[WORK INSTRUCTION]:
The answer should match the entries that follow exactly, except that no image appears in it.

[Data items]
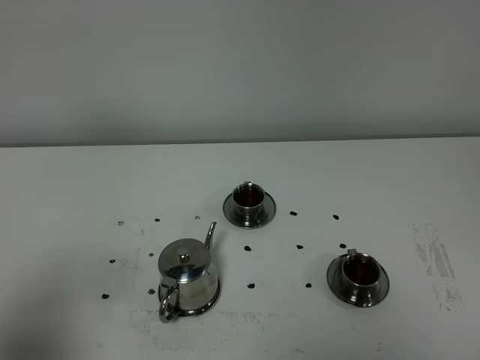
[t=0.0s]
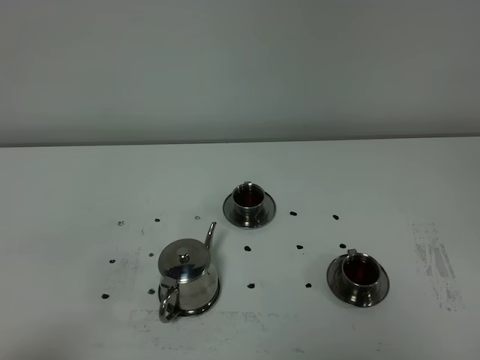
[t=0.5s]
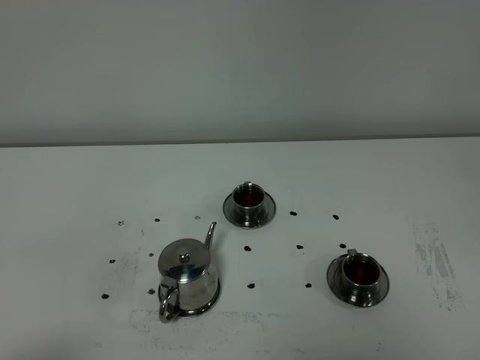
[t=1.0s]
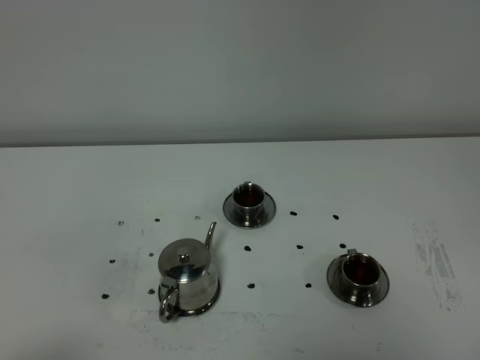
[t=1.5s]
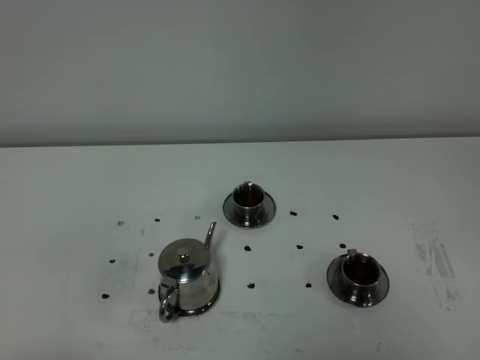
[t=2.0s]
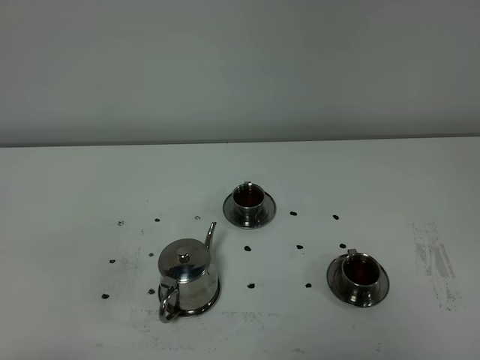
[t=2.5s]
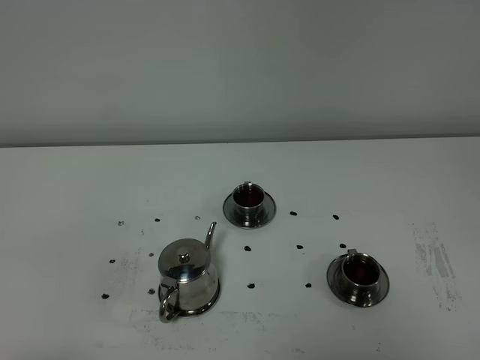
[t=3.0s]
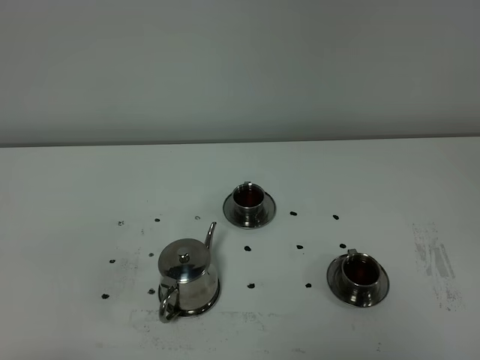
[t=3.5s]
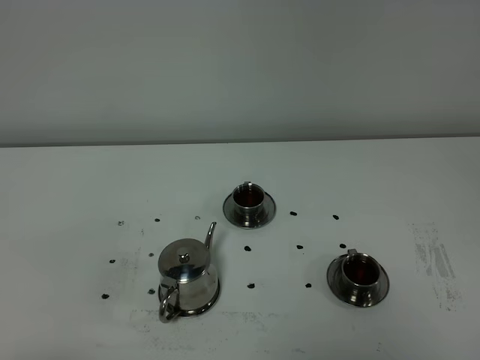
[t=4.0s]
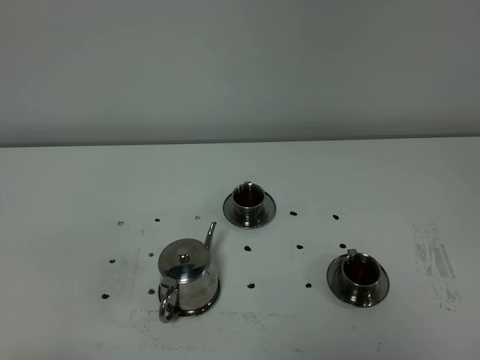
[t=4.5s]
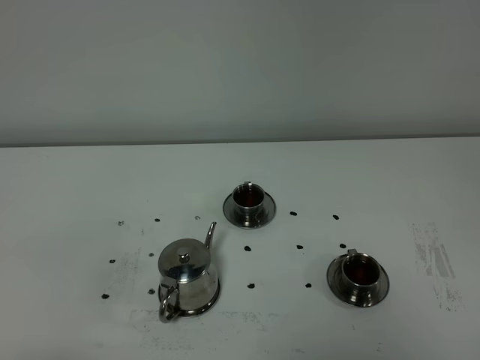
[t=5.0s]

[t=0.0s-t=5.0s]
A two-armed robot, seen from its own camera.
Task of the whole recording: grasp the stainless steel teapot and pour the tea into the two stainless steel teacups one by one, put the stainless steel teapot back in its original place.
t=0.0s to t=2.5s: The left gripper heads backward and downward, covering some 10 cm.
t=2.5s to t=5.0s: Both grippers stay about where they are.

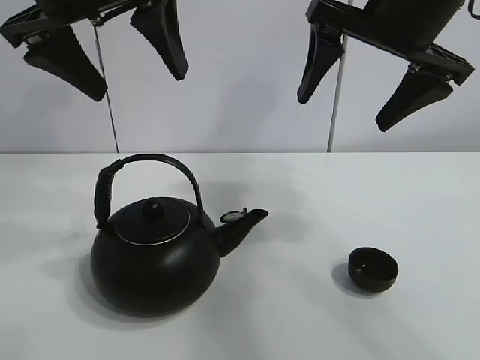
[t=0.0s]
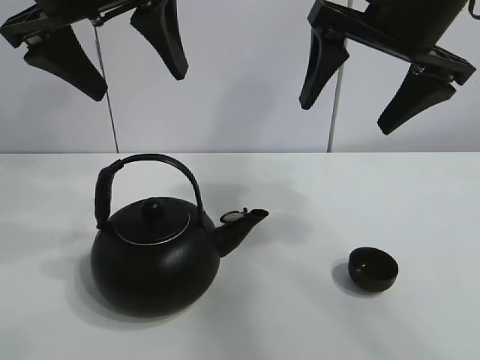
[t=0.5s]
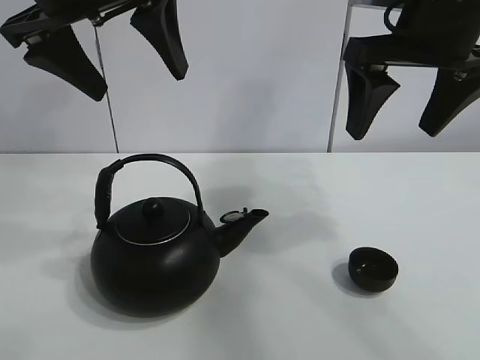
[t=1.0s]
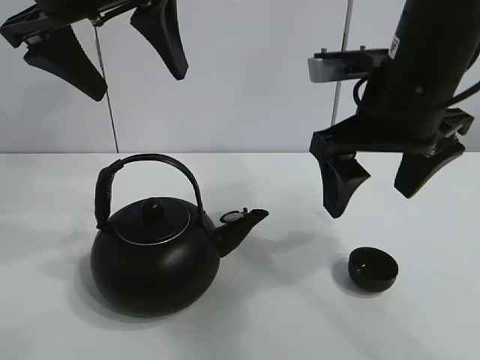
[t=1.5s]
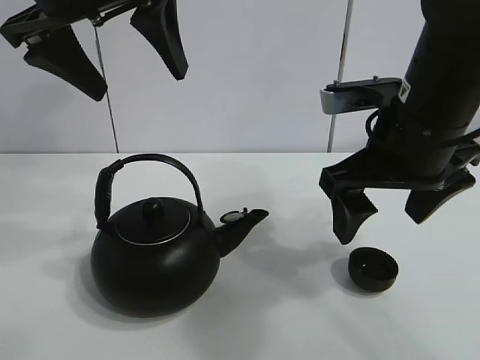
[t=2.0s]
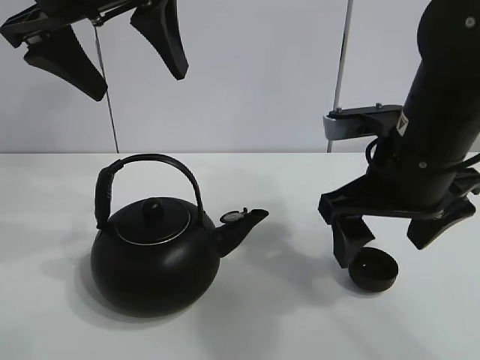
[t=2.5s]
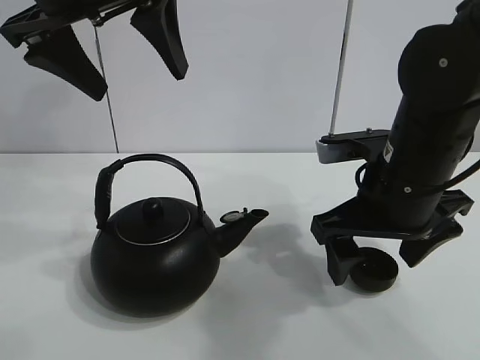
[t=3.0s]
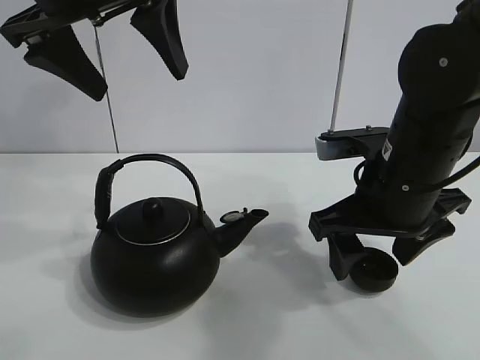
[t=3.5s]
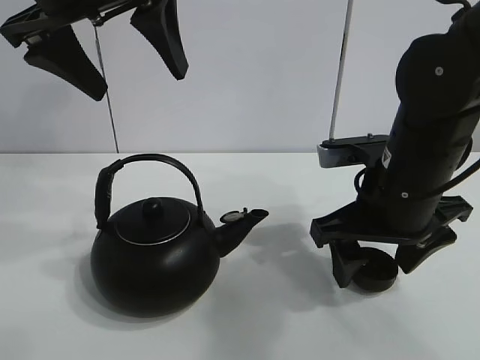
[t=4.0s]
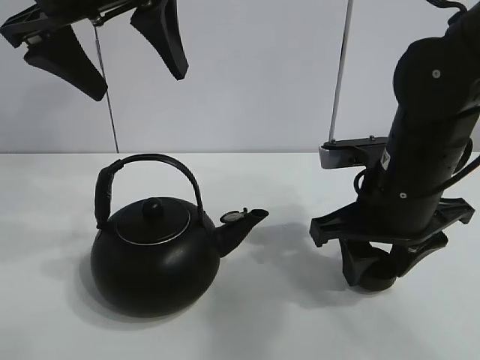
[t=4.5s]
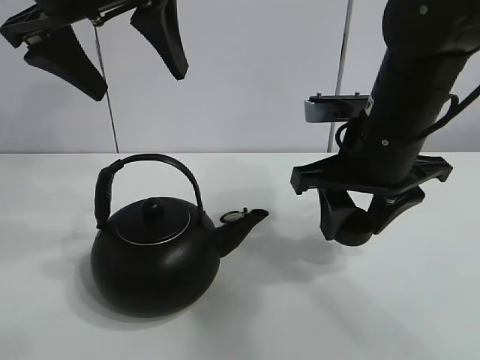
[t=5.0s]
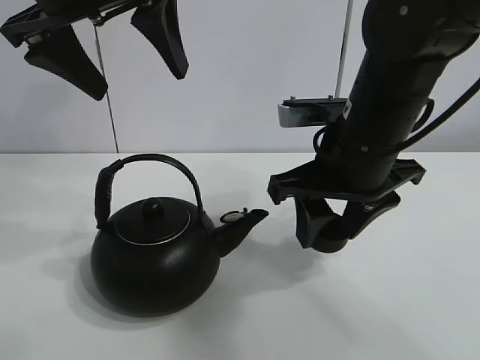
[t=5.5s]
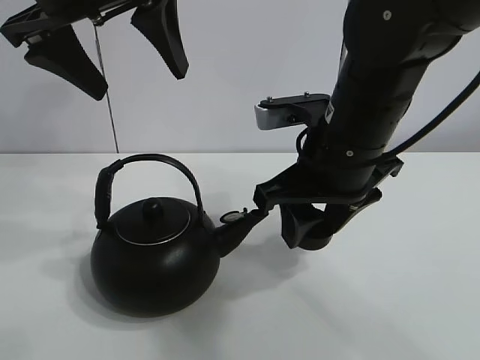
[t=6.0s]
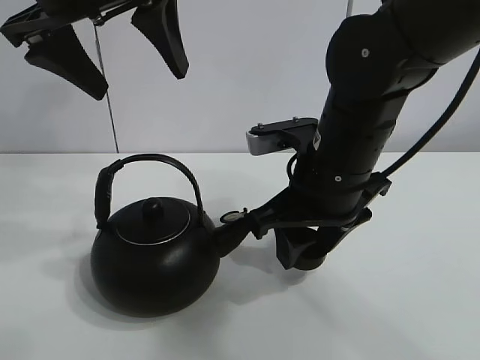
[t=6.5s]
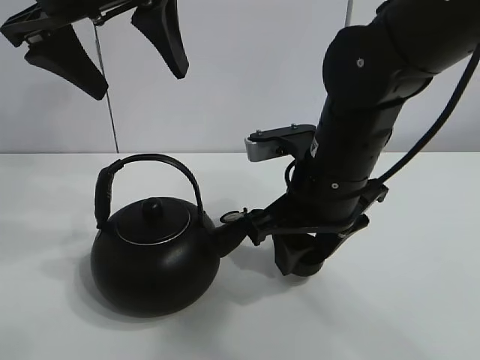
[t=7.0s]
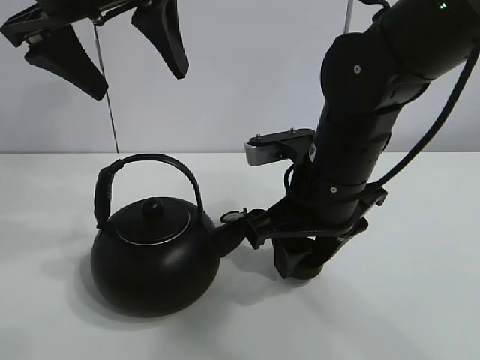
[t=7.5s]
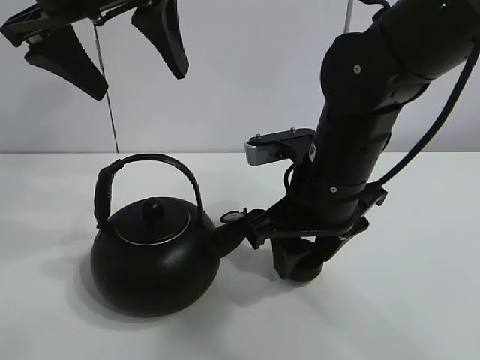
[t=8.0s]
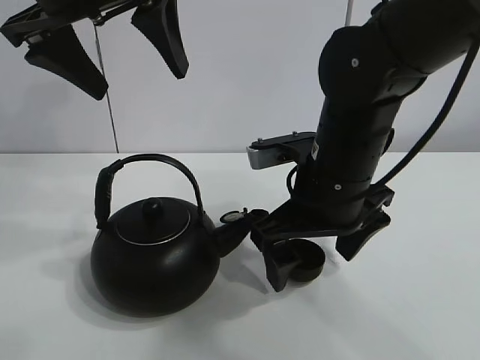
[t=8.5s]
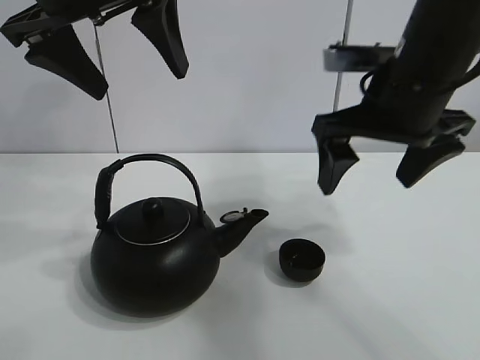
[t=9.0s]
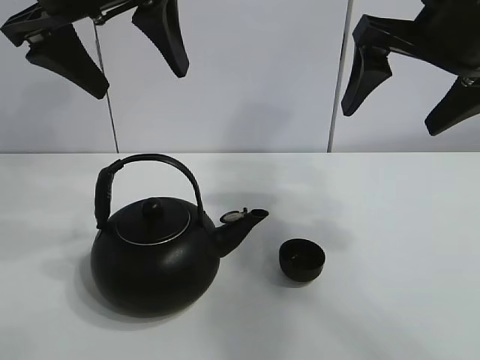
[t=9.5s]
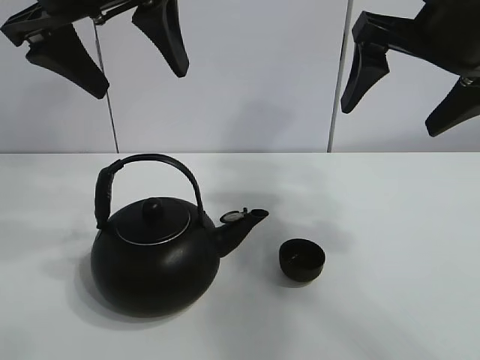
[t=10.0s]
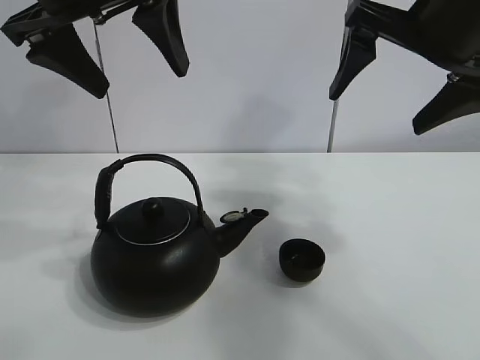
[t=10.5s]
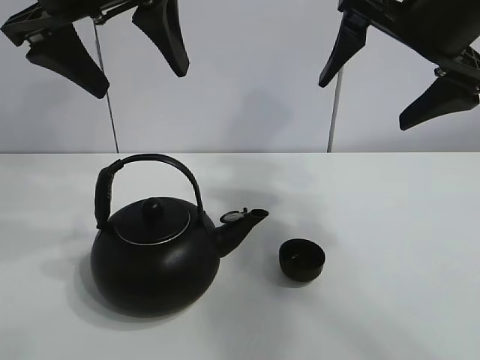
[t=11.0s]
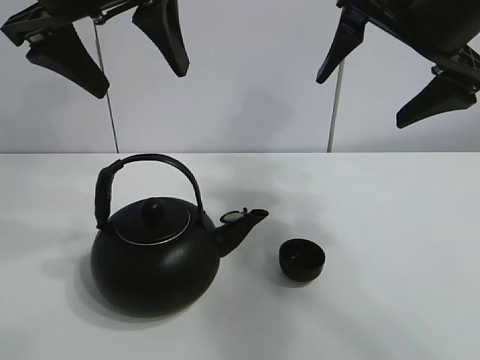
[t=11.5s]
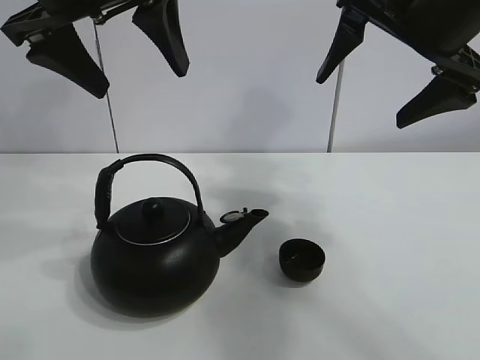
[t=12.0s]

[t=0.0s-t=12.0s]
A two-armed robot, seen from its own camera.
Task of the whole recording: pour tea into the teacup.
Step, t=0.0s to t=4.0s: Pick up the teacup with the right gripper.
Step, t=4.5s to t=8.0s: Place the teacup in the center of view with the right gripper.
t=2.0s to t=4.0s: The right gripper goes some 5 cm downward.
t=4.0s to t=6.0s: The right gripper is displaced to the left by about 5 cm, and closes up.
t=6.0s to t=8.0s: The grippers make only small movements.
t=8.0s to t=10.0s: The right gripper is displaced upward and to the right by some 20 cm, and opens.
t=10.0s to t=12.0s: There are only small adjustments of the grippers.

[RESPONSE FOR THIS EXERCISE]:
[t=0.0s]
[t=0.5s]
[t=1.0s]
[t=1.5s]
[t=2.0s]
[t=2.5s]
[t=3.0s]
[t=3.5s]
[t=4.0s]
[t=4.5s]
[t=5.0s]

[t=0.0s-t=5.0s]
A two-armed robot, seen from its own camera.
Task of the whole recording: grasp the stainless steel teapot and pour the tea into the two stainless steel teacups one by one, put the stainless steel teapot back in its original place.
t=0.0s to t=2.5s: The left gripper heads backward and downward, covering some 10 cm.
t=2.5s to t=5.0s: Both grippers stay about where they are.

[t=0.0s]
[t=0.5s]
[t=1.0s]
[t=1.5s]
[t=2.0s]
[t=2.5s]
[t=3.0s]
[t=3.5s]
[t=4.0s]
[t=4.5s]
[t=5.0s]
[t=5.5s]
[t=6.0s]
[t=6.5s]
[t=7.0s]
[t=7.5s]
[t=8.0s]
[t=8.5s]
[t=9.0s]
[t=9.5s]
[t=10.0s]
[t=10.5s]
[t=11.0s]
[t=11.5s]
[t=12.0s]

[t=0.0s-t=12.0s]
A two-armed robot, seen from its own camera.
Task of the whole recording: pour tea into the teacup.
Step, t=0.0s to t=4.0s: Pick up the teacup with the right gripper.
Step, t=4.5s to t=8.0s: Place the teacup in the center of view with the right gripper.
t=2.0s to t=4.0s: The right gripper goes some 5 cm downward.
t=4.0s to t=6.0s: The right gripper is displaced to the left by about 5 cm, and closes up.
t=6.0s to t=8.0s: The grippers make only small movements.
t=8.0s to t=10.0s: The right gripper is displaced upward and to the right by some 20 cm, and opens.
t=10.0s to t=12.0s: There are only small adjustments of the grippers.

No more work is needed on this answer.